産経新聞大阪版の夕刊文化欄で連載された(2011年5月〜2012年8月)高遠弘美さん「プルーストと暮らす日々」の第15回です。
プルーストと暮らす日々 15
子供のころは別として、長じてからは雨の中に飛び出して駆け回りたいなどと思うことはたえてなかった。それが先日、いきなりそうした衝動に駆られた。
信州の安曇野が好きで、ここ何年かはよく出かける。いつのまにか気に入った店ができた。食卓からはよく刈り込まれた芝生の広い庭を起点にして、そこから流れ出るように広がる安曇野の田園風景が、彼方の安曇富士を借景にして、大きなガラス戸から一望できる。夏の暑い夕方でもエアコンはなく、庭から吹き込む爽やかな風を受けながら、ワイングラスを傾けているうちに時が経ってゆく。
先だって、その店で食事をしていると、みるみるうちに空が暗くなり、山の向こうにはほの明るい空が見えるのに、大粒の雨が降り出した。夏の驟雨というより、夏の嵐。広くベランダをとってあるので、雨が入ってくることはなく、ただ秋の風かと思うほど涼しい風が顔に吹いてきた。雨は依然として激しく軒先を打っている。
そのとき、私はゆくりなくも『失われた時を求めて』の「スワン家のほうへ」に出てくる祖母の描写を思い出し、テーブルを立って、雨の中に走って行きたくてたまらなくなった。

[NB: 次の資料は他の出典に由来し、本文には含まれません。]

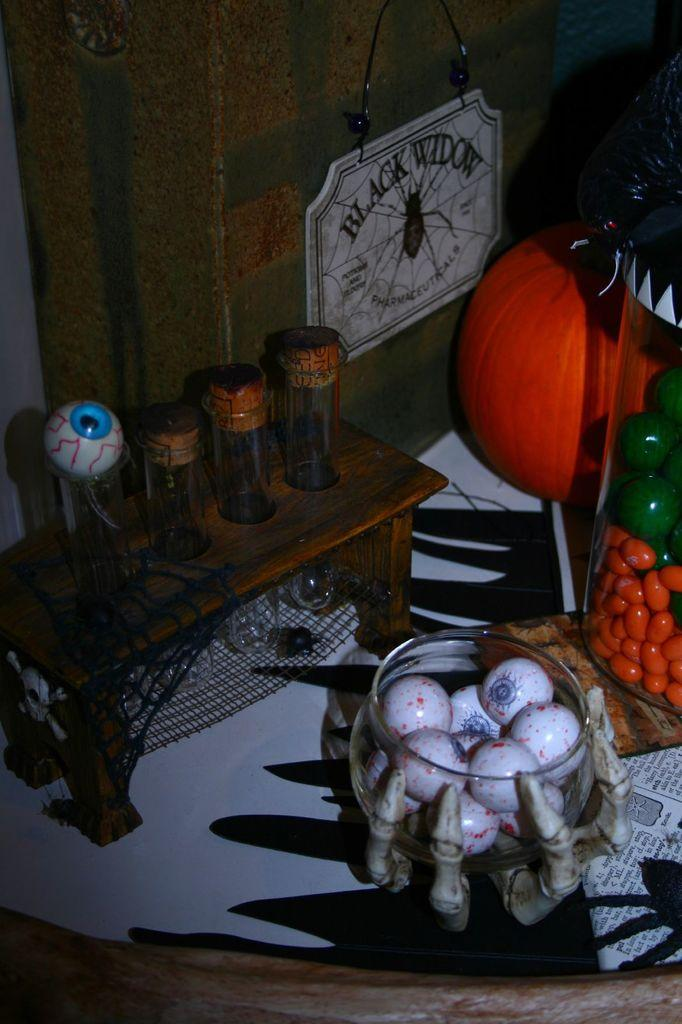What is in the bowl that is visible in the image? The facts provided do not specify what is in the bowl. What is the material of the table in the image? The table in the image is made of wood. How many eyes can be seen on the table in the image? There are no eyes present on the table in the image. What type of trouble is the bowl causing in the image? The facts provided do not indicate any trouble caused by the bowl in the image.

「たとえ雨が激しく降ろうと、(略)にわかに降り出した雨が打ちつける誰もいない庭で、祖母は乱れた灰色の髪の房をかきあげ、健康によい風と雨を額いっぱいに浴びて、こう言うのだった。『ああ、これで息ができるわ』」
祖母は折角田舎にいるときに家の中に閉じこもるのは不健康だと考えているのだ。
あるいは、語り手のこんな言葉もある。
「夏には悪天候など、束の間の、表面的な気まぐれに過ぎない。夏の好天は、不安定で流動的な冬の晴天とは大違いで、目に見えなくても不変であり、大地にしっかりと根を下ろし、生い茂る葉叢のうちに固まっている」
私が思わず雨に打たれたいと考えたのはこの種の生命的衝動に突き動かされたからだった。庭に出て行かなかったことを私はいま、ちょっぴり悔やんでいる。